Sports Sales Manager

Junckers Hardwood Inc.

What questions should club owners ask when making a wood court flooring choice?  1. How thick is the wood floor “system?” Hardwood sports flooring systems can often be 2-inches to 3-inches thick. If it’s a new club, these thick systems can be accommodated with a slab recess during construction. If it’s an existing facility without a slab recess, planning for ADA ramping to adjacent floors will need to be addressed.

2. How much time is needed for installation? Installation time frames can have impacts on the project. Some wood floor systems are ready for use in just a day or two. Other systems can take weeks before they are ready for use. Be sure to confirm the time needed when comparing systems.

3. Is there a value in the floor system if I should ever need to move it, or remove it? If the club space is leased, it might be smart to consider purchasing a “relocatable” or portable hardwood sports floor. This way the flooring investment can be recovered if plans change down the road.

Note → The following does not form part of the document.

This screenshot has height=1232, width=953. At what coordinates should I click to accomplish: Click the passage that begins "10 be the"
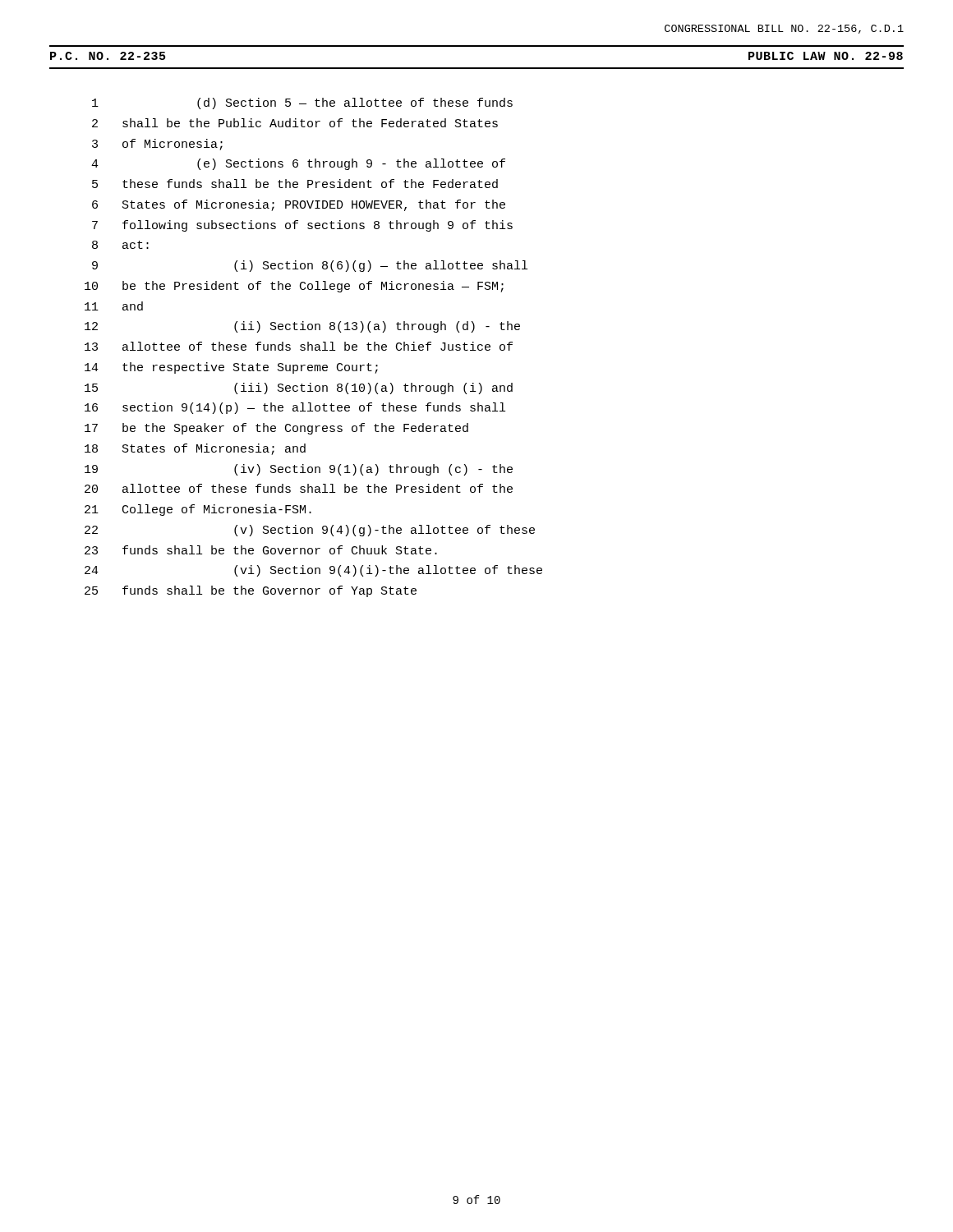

What are some common mistakes you see clubs making with floors?  1. Solid hardwood sports floors will always expand and contract as the climate changes. In large areas, this movement can be significant. Be sure to allow room at the perimeter for this natural movement to occur.

2. In addition to a nicer appearance, clean floors actually last longer. Implementing a good maintenance program where the floors are kept consistently clean and dry will make the floors last for decades.

What wood court flooring trends are you seeing right now?  I’m seeing more and more “branding” in hardwood floor design. The logos in the center jump circles are larger and more creative. Dyes, stains and even patterns are also being incorporated into floor systems to create uniqueness and brand identity.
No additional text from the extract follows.